Work task: Print all entries below exactly, without images.

Top of Dataset entries

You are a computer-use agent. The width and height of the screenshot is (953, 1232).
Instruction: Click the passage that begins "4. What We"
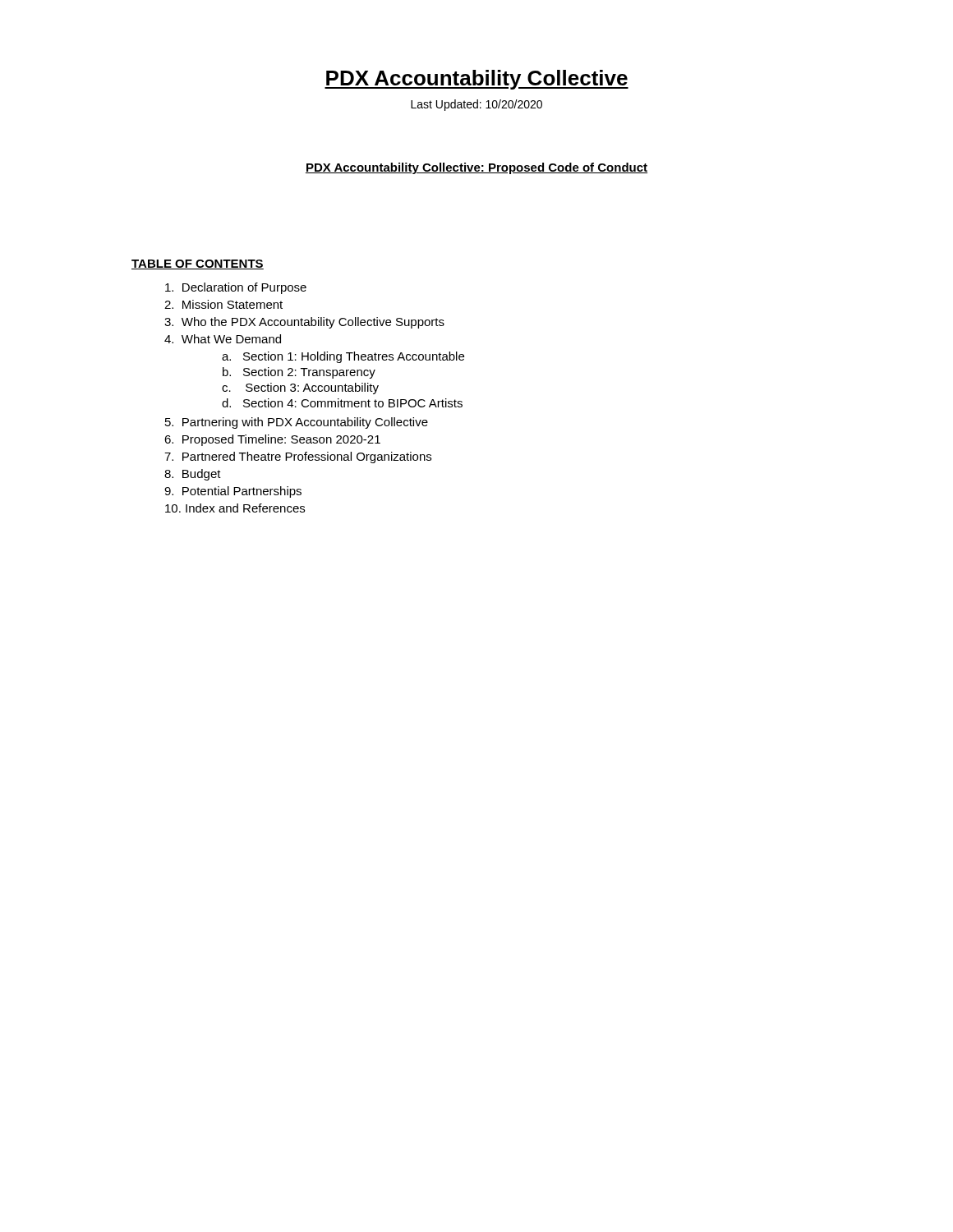(223, 339)
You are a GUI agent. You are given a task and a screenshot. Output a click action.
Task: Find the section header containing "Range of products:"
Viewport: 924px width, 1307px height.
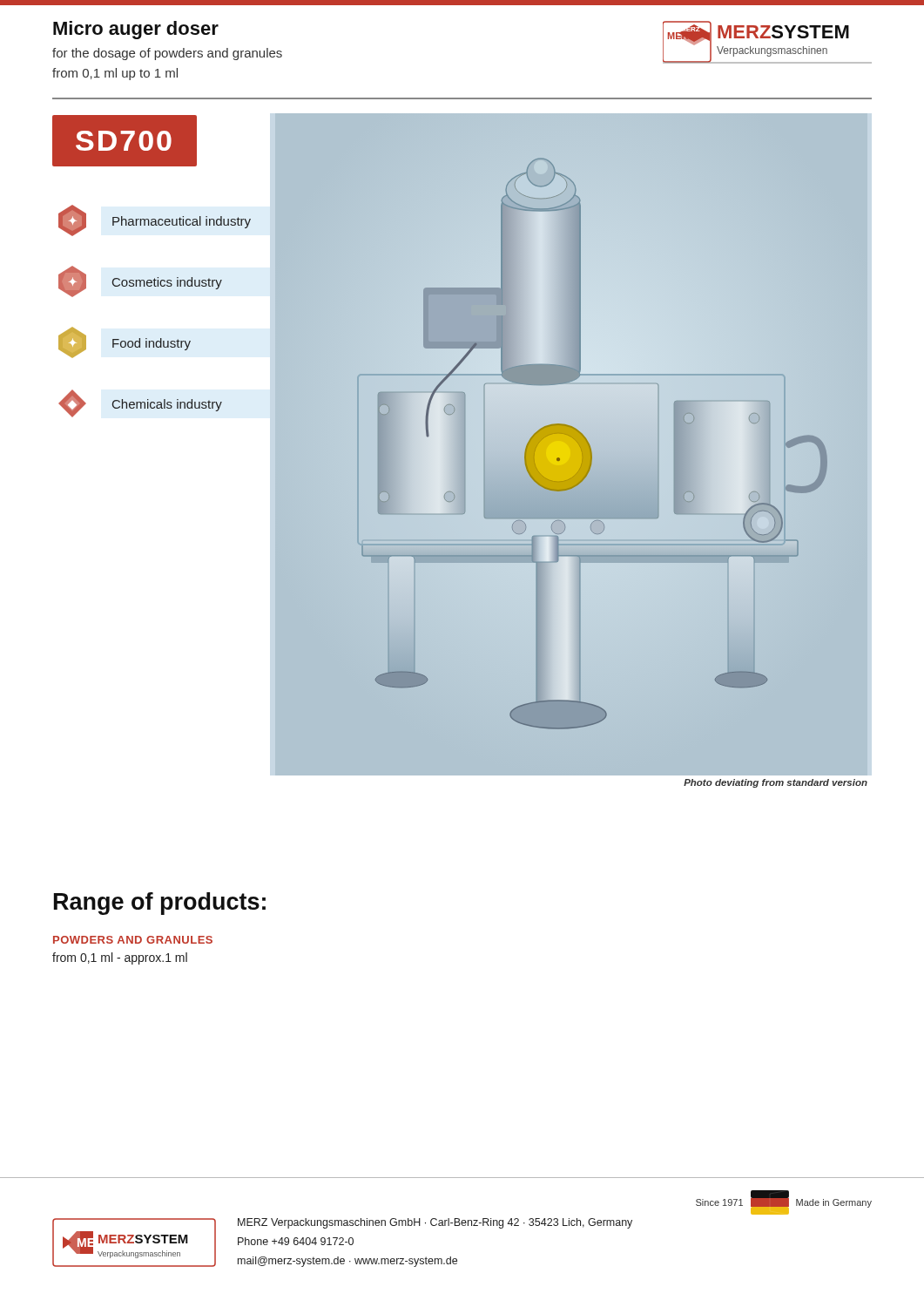click(x=160, y=902)
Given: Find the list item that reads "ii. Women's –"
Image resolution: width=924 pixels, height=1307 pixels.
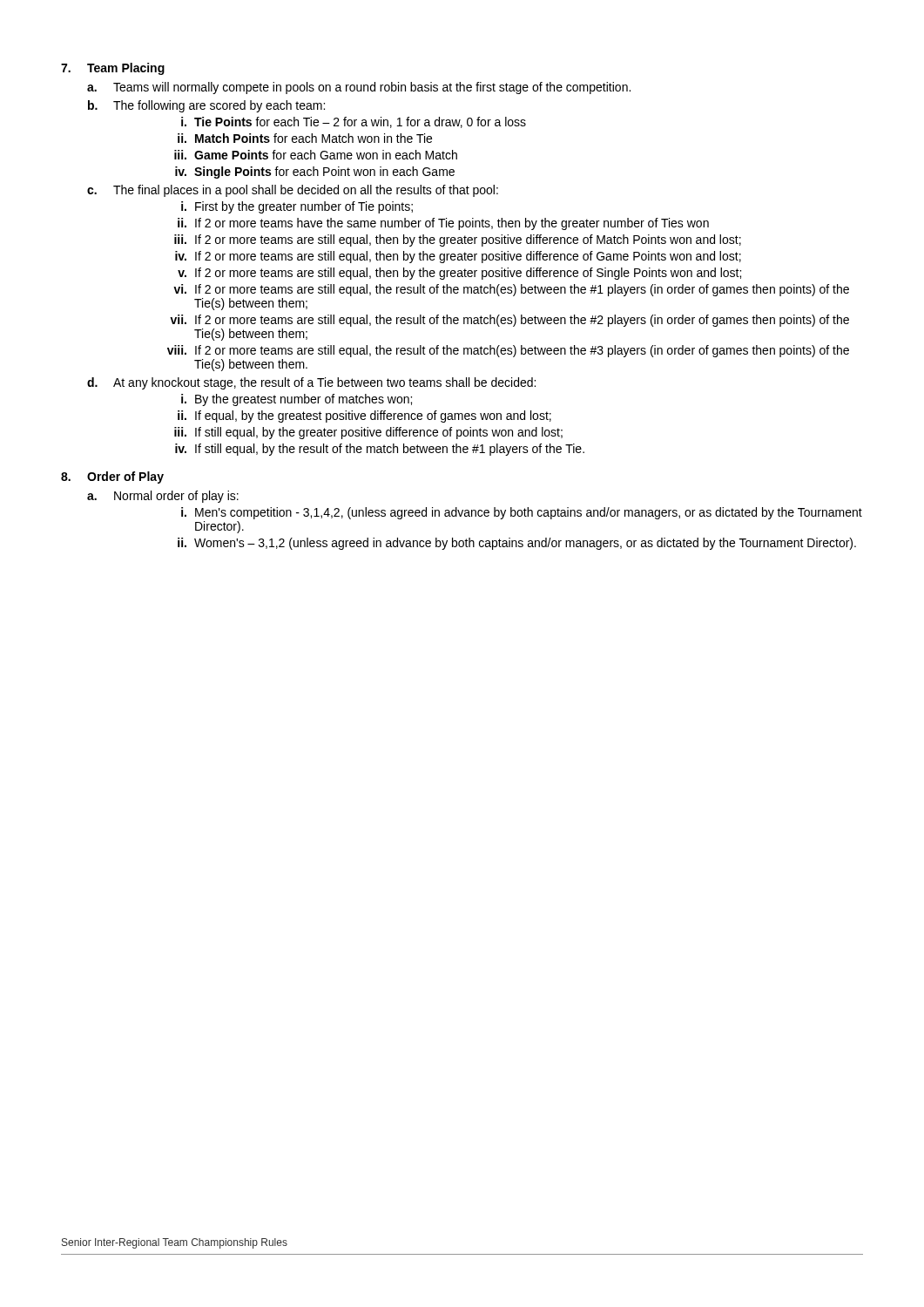Looking at the screenshot, I should [507, 543].
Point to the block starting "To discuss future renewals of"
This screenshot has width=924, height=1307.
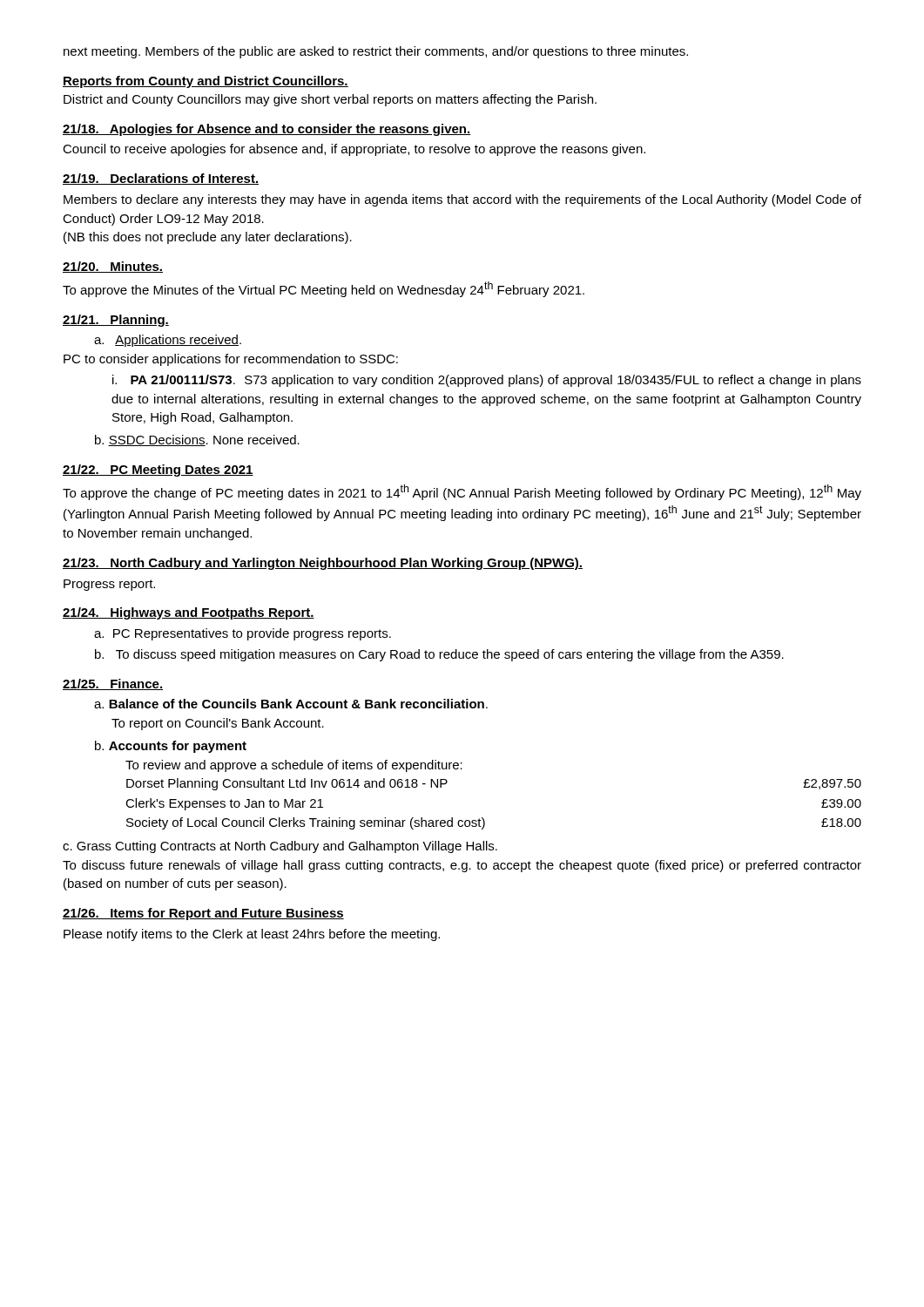point(462,874)
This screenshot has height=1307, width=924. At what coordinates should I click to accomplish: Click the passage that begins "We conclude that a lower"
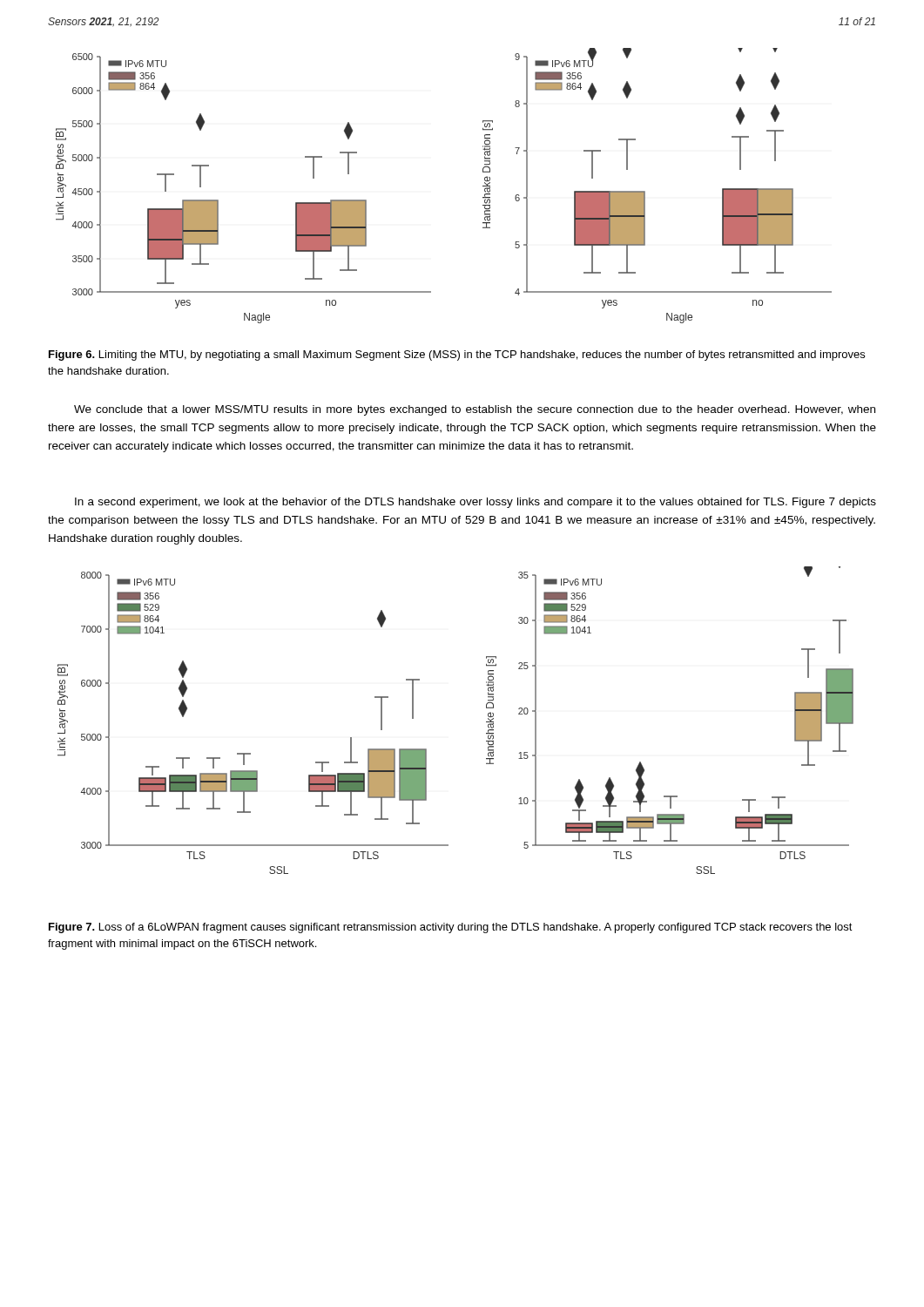[462, 427]
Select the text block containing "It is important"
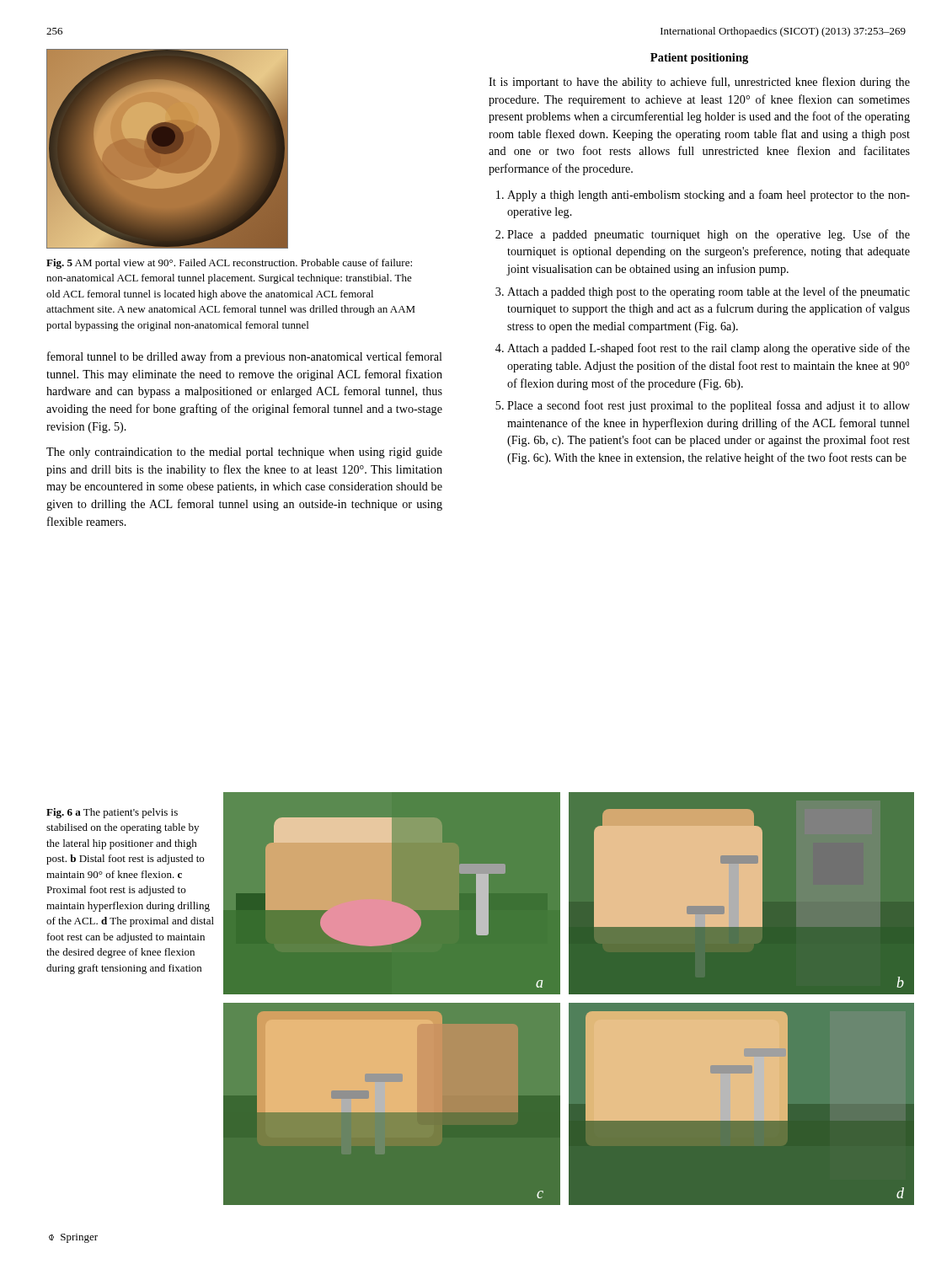This screenshot has width=952, height=1264. [x=699, y=125]
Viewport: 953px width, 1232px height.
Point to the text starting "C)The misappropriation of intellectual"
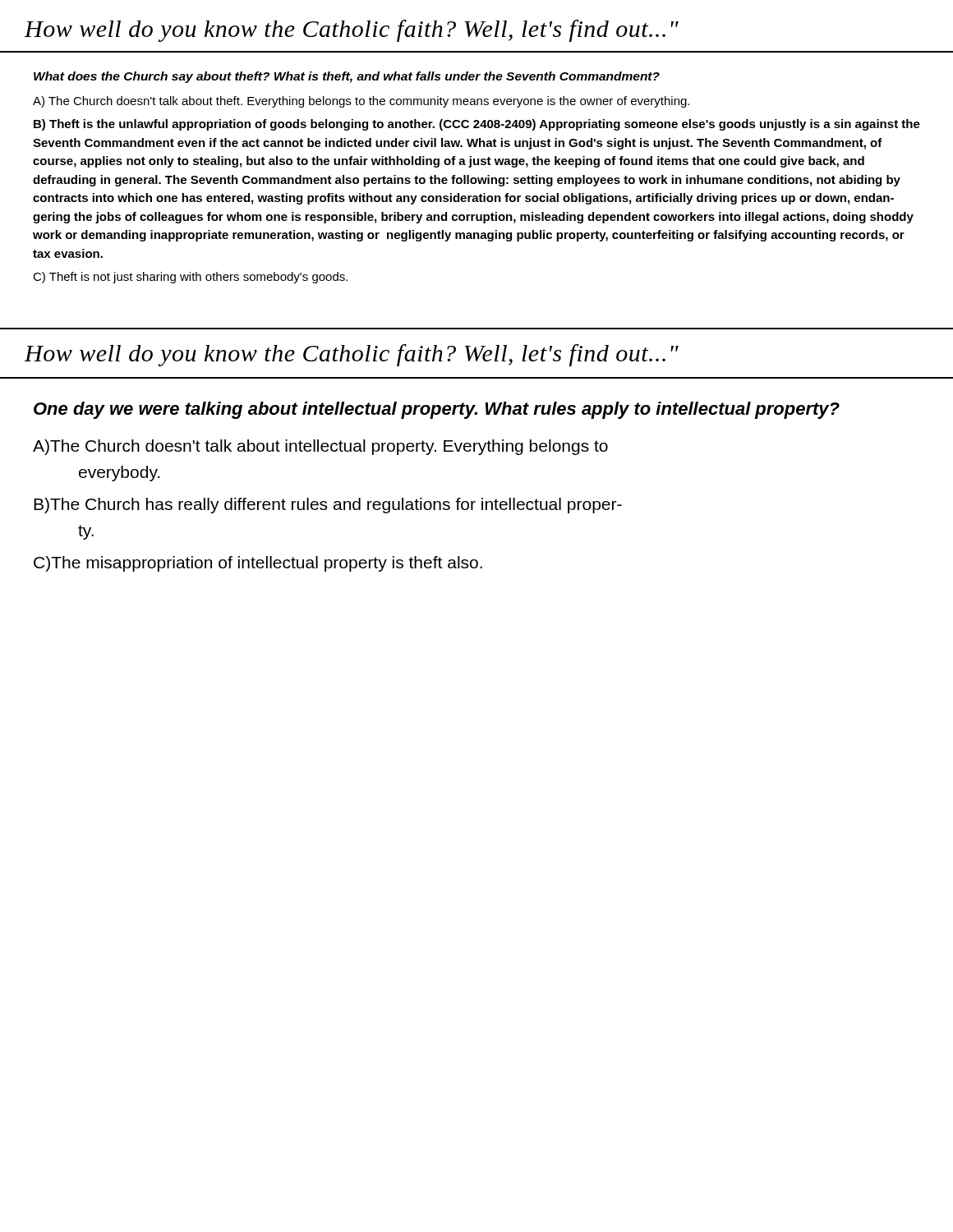tap(258, 563)

Bottom of Dataset entries

Solution to the exercise:
You are a computer-use agent. The width and height of the screenshot is (953, 1232).
Instruction: Click the passage that begins "4. What We"
(223, 339)
You are a GUI agent. You are given a task and a screenshot. Output a click action.
Task: Find the section header containing "Range of products:"
Viewport: 924px width, 1307px height.
click(x=160, y=902)
Given: Find the list item that reads "ii. Women's –"
Image resolution: width=924 pixels, height=1307 pixels.
Looking at the screenshot, I should [507, 543].
Point to the block starting "To discuss future renewals of"
This screenshot has width=924, height=1307.
point(462,874)
This screenshot has height=1307, width=924. At what coordinates should I click to accomplish: Click the passage that begins "We conclude that a lower"
[462, 427]
Select the text block containing "It is important"
This screenshot has width=952, height=1264. [x=699, y=125]
Viewport: 953px width, 1232px height.
Point to the text starting "C)The misappropriation of intellectual"
tap(258, 563)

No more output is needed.